Abe apparently aims to clarify his intention to hold summit talks with Kim, chairman of the Workers’ Party of Korea, with the goal of solving the problem of the abduction of Japanese nationals by North Korea. It is only natural for the leader of a country to pursue talks that will contribute to the settlement of outstanding issues.


However, just haphazardly calling for talks is meaningless. Behind-the-scenes working-level talks were held between Tokyo and Pyongyang over a long period before the first summit meeting was held in 2002 between then Prime Minister Junichiro Koizumi and then North Korean leader Kim Jong Il. The prior consultations led to the return of some abduction victims to Japan.


One cannot help but wonder why Prime Minister Abe hinted that he will seek unconditional talks with Kim even though there are no signs that necessary prior dialogue is going on between the two countries. Abe’s suggestion deserves criticism that it is solely aimed at winning support from the Japanese public.


The prime minister apparently wants to avoid criticism for being the only leader of a North Korean neighbor not to have held talks with Kim. He also appears to be aiming to keep pace with President Trump, who intends to continue dialogue with the North Korean leader.


However, Abe has emphasized that his summit talks with Kim must contribute to solving the abduction issue.

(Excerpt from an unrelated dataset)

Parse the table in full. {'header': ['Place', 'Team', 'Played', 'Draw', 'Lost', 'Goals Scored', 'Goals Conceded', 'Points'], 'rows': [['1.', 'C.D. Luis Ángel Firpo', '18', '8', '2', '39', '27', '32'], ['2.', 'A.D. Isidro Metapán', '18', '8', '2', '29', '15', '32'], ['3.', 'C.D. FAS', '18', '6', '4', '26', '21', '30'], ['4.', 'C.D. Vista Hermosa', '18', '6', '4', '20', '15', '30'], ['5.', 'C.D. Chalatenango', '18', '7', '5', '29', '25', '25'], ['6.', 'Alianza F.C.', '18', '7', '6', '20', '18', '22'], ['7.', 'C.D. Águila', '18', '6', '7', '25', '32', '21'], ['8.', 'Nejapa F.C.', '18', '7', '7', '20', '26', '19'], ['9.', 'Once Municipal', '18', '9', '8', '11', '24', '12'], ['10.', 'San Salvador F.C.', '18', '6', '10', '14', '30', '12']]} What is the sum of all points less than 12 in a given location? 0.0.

The prime minister has also insisted that North Korea should take concrete actions to denuclearize.


When South Korea promoted North-South talks on the occasion of the Pyeongchang Winter Olympics in February 2018, Abe warned Seoul against being captivated by Pyongyang’s “smile diplomacy.” Abe’s latest suggestion represents a policy reversal, but there appears to be no rational strategy behind the move.


The prime minister has emphasized that he will break the shell of mutual distrust with North Korea. The deletion of a phrase that Japan will maximize its pressure on North Korea from its Diplomatic Bluebook this year is obviously part of the policy reversal.


However, North Korea’s state-run news organizations have demanded that historical issues be settled before bilateral summit talks are held. Under the circumstances, it will likely be difficult for the two countries to hold fruitful talks.


North Korea possesses nuclear weapons, and fired several short-range projectiles toward the Sea of Japan on May 4, heightening tensions in the region.


In the 2014 Stockholm Agreement, Pyongyang promised to hold a re-investigation into the whereabouts of abduction victims but the move has been stalled since North Korea conducted nuclear and missile tests.


While Japan is seeking bilateral summit talks, there are no prospects that the two countries will break the deadlock over the abduction problem as well as nuclear and missile issues.